• EXERCISE PROMPT: Using the word "them" as the filter, copy each matching line from the records.

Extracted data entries

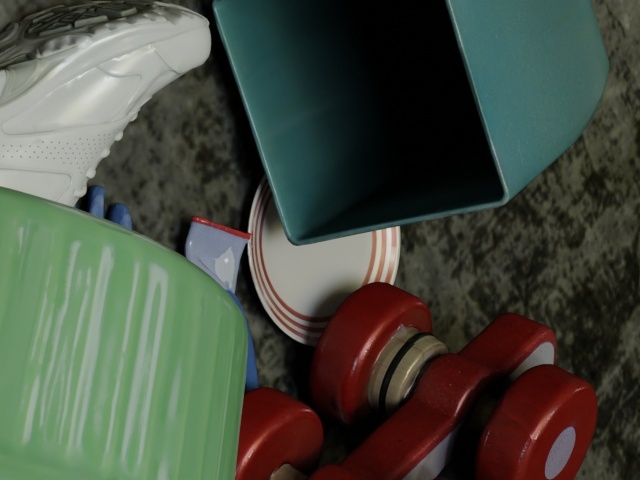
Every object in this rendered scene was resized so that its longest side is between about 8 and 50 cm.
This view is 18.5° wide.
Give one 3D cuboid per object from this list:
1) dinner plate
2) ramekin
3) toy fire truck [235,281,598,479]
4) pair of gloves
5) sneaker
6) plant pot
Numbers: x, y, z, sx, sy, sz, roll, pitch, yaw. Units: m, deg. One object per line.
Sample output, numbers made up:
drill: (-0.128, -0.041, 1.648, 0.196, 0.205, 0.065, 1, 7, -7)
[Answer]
dinner plate: (0.000, 0.000, 1.298, 0.141, 0.017, 0.141, -2, 92, -46)
ramekin: (-0.178, 0.080, 0.934, 0.303, 0.303, 0.148, 29, 64, -42)
toy fire truck: (0.050, 0.192, 1.276, 0.302, 0.169, 0.254, -40, 143, -38)
pair of gloves: (-0.108, 0.055, 1.189, 0.198, 0.023, 0.159, 15, 82, -43)
sneaker: (-0.154, -0.062, 1.106, 0.232, 0.090, 0.115, -28, 117, -32)
plant pot: (0.083, -0.120, 1.271, 0.234, 0.165, 0.165, -29, 104, -52)
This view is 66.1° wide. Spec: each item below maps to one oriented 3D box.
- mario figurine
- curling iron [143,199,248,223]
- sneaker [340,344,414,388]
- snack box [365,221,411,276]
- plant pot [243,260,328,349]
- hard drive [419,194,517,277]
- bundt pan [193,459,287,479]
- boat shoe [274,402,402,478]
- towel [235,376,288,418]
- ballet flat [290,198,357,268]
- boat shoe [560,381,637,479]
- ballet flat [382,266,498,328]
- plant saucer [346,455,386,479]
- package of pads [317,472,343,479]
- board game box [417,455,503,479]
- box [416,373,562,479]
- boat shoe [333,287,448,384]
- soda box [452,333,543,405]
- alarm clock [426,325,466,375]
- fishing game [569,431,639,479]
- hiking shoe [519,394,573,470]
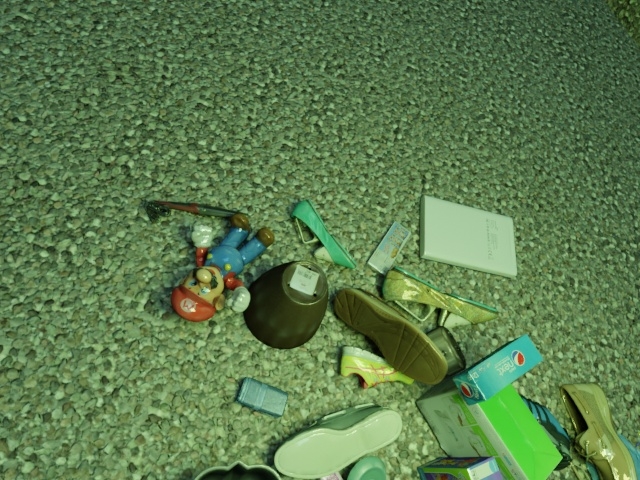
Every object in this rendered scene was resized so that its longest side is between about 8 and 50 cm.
[{"bbox_3d":[-0.243,0.059,1.212,0.320,0.198,0.170,-56,133,-35],"label":"mario figurine"},{"bbox_3d":[-0.333,-0.072,1.326,0.274,0.035,0.068,3,63,-16],"label":"curling iron"},{"bbox_3d":[0.143,0.346,1.280,0.209,0.081,0.094,20,73,-5],"label":"sneaker"},{"bbox_3d":[0.205,0.024,1.467,0.064,0.022,0.178,36,61,1],"label":"snack box"},{"bbox_3d":[-0.067,0.137,1.209,0.215,0.230,0.215,7,65,-15],"label":"plant pot"},{"bbox_3d":[0.466,-0.011,1.558,0.319,0.040,0.210,12,63,-13],"label":"hard drive"},{"bbox_3d":[-0.182,0.633,1.011,0.331,0.124,0.330,7,64,-15],"label":"bundt pan"},{"bbox_3d":[0.036,0.472,1.181,0.320,0.099,0.116,-13,98,-19],"label":"boat shoe"},{"bbox_3d":[-0.140,0.380,1.191,0.120,0.029,0.067,23,62,-6],"label":"towel"},{"bbox_3d":[0.000,0.000,1.390,0.087,0.083,0.247,-36,81,-3],"label":"ballet flat"},{"bbox_3d":[0.751,0.558,1.345,0.110,0.121,0.341,-1,48,2],"label":"boat shoe"},{"bbox_3d":[0.332,0.186,1.396,0.349,0.123,0.123,23,62,-8],"label":"ballet flat"},{"bbox_3d":[0.113,0.571,1.159,0.119,0.021,0.119,-5,99,-32],"label":"plant saucer"},{"bbox_3d":[0.029,0.574,1.158,0.050,0.032,0.083,-25,77,-29],"label":"package of pads"},{"bbox_3d":[0.365,0.677,1.108,0.078,0.233,0.347,-12,71,-23],"label":"board game box"},{"bbox_3d":[0.401,0.466,1.213,0.127,0.231,0.262,-27,77,-31],"label":"box"},{"bbox_3d":[0.194,0.231,1.279,0.342,0.123,0.123,33,22,28],"label":"boat shoe"},{"bbox_3d":[0.407,0.294,1.125,0.210,0.067,0.071,-21,72,-29],"label":"soda box"},{"bbox_3d":[0.336,0.295,1.311,0.064,0.192,0.129,-32,76,19],"label":"alarm clock"},{"bbox_3d":[0.831,0.641,1.389,0.264,0.041,0.189,-17,65,-18],"label":"fishing game"},{"bbox_3d":[0.550,0.479,1.348,0.304,0.113,0.132,47,35,9],"label":"hiking shoe"}]
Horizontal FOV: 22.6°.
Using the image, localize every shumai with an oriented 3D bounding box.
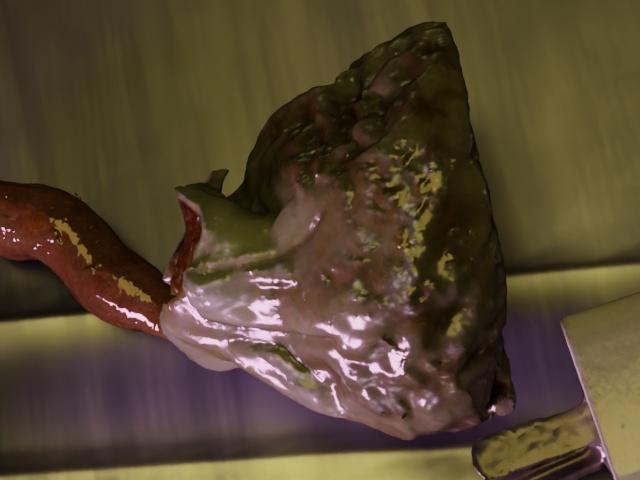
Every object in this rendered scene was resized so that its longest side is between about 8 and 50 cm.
[{"bbox_3d":[0.002,0.000,0.959,0.218,0.189,0.255,-12,56,11],"label":"shumai"}]

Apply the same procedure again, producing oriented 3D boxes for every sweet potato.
[{"bbox_3d":[-0.161,0.008,1.072,0.218,0.051,0.065,29,124,23],"label":"sweet potato"}]

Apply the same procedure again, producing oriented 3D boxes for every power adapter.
[{"bbox_3d":[0.185,0.101,0.903,0.205,0.130,0.125,-20,66,8],"label":"power adapter"}]
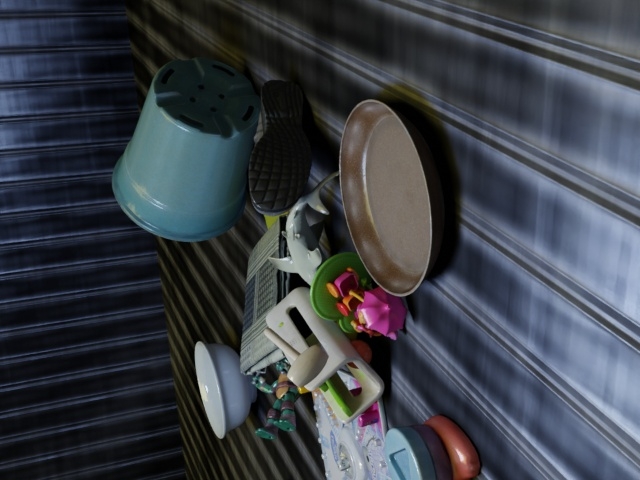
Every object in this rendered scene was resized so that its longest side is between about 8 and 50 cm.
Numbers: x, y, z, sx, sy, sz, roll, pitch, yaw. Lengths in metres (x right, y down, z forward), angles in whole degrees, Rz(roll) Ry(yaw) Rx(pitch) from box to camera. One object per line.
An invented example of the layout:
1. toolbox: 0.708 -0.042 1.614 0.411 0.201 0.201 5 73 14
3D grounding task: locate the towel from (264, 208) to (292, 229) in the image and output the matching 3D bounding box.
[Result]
1. towel: -0.097 -0.078 1.864 0.237 0.021 0.102 135 122 -66

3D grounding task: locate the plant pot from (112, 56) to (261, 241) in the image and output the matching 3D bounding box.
1. plant pot: -0.302 -0.231 1.938 0.341 0.341 0.334 67 148 29

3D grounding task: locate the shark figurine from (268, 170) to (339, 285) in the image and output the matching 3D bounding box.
1. shark figurine: -0.016 -0.024 1.583 0.166 0.116 0.278 19 133 28

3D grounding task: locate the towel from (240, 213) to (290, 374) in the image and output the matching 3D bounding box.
1. towel: -0.120 0.134 1.871 0.324 0.056 0.312 134 142 -64

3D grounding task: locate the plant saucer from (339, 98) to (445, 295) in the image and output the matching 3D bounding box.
1. plant saucer: 0.114 -0.068 1.275 0.310 0.050 0.311 169 90 -70

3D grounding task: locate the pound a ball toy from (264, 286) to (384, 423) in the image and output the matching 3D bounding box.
1. pound a ball toy: 0.000 0.190 1.519 0.208 0.135 0.319 49 180 -32

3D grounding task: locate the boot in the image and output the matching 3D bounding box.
1. boot: -0.084 -0.134 1.619 0.223 0.118 0.338 103 175 -51

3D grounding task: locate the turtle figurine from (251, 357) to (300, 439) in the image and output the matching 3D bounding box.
1. turtle figurine: -0.092 0.344 1.920 0.175 0.118 0.234 123 157 -49

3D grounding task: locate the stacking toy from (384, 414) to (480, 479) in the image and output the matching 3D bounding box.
1. stacking toy: 0.176 0.457 1.276 0.279 0.130 0.309 -131 35 -53

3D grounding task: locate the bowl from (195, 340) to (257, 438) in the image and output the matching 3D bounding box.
1. bowl: -0.277 0.435 2.451 0.298 0.134 0.298 168 90 -69

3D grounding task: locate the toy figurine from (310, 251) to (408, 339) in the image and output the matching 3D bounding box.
1. toy figurine: 0.085 0.123 1.394 0.159 0.130 0.173 31 152 51

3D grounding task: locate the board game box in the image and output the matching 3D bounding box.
1. board game box: 0.055 0.467 1.714 0.390 0.050 0.390 -178 77 -69
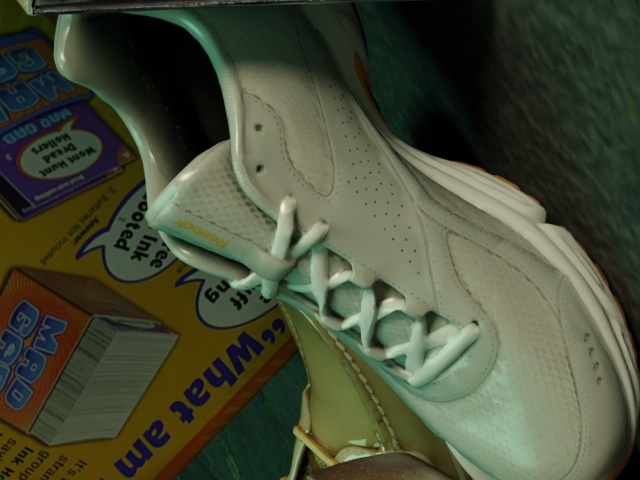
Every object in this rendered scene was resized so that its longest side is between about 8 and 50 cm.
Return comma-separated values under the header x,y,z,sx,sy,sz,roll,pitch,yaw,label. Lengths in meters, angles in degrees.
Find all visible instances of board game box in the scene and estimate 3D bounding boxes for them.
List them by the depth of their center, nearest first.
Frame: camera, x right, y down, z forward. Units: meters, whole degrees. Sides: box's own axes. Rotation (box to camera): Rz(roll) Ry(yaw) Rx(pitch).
x,y,z,sx,sy,sz,roll,pitch,yaw,label
-0.264,-0.035,0.860,0.356,0.356,0.356,40,-174,-43,board game box

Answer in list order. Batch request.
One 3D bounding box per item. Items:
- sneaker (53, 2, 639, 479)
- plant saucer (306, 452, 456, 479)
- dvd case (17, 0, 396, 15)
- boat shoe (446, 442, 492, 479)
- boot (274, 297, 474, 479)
x,y,z,sx,sy,sz,roll,pitch,yaw,label
0.000,0.000,0.583,0.262,0.121,0.099,49,126,8,sneaker
0.084,0.144,0.695,0.198,0.036,0.198,34,172,5,plant saucer
-0.065,-0.139,0.600,0.221,0.164,0.018,49,136,45,dvd case
0.059,0.034,0.678,0.184,0.066,0.063,49,-168,11,boat shoe
-0.017,0.147,0.819,0.095,0.203,0.262,43,162,54,boot
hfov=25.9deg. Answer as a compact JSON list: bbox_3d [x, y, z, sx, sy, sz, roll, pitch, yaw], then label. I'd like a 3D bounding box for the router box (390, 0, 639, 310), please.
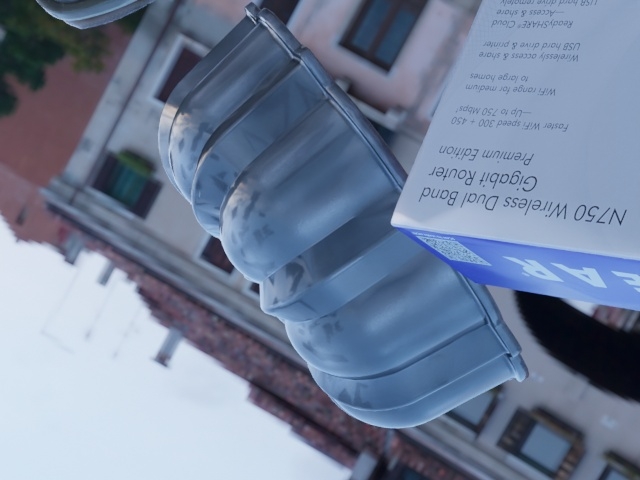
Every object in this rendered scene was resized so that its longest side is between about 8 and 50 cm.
[{"bbox_3d":[0.227,-0.108,0.690,0.082,0.301,0.335,33,164,-38],"label":"router box"}]

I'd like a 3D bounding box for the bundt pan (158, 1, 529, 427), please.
[{"bbox_3d":[0.000,0.000,0.991,0.331,0.124,0.331,54,177,4],"label":"bundt pan"}]

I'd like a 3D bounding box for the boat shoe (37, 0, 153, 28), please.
[{"bbox_3d":[-0.076,-0.255,1.056,0.110,0.307,0.104,52,179,21],"label":"boat shoe"}]

• ANSWER TO THIS TASK:
Find all visible instances of board game box in the scene and estimate 3D bounding boxes for them.
List them by the depth of their center, nearest first.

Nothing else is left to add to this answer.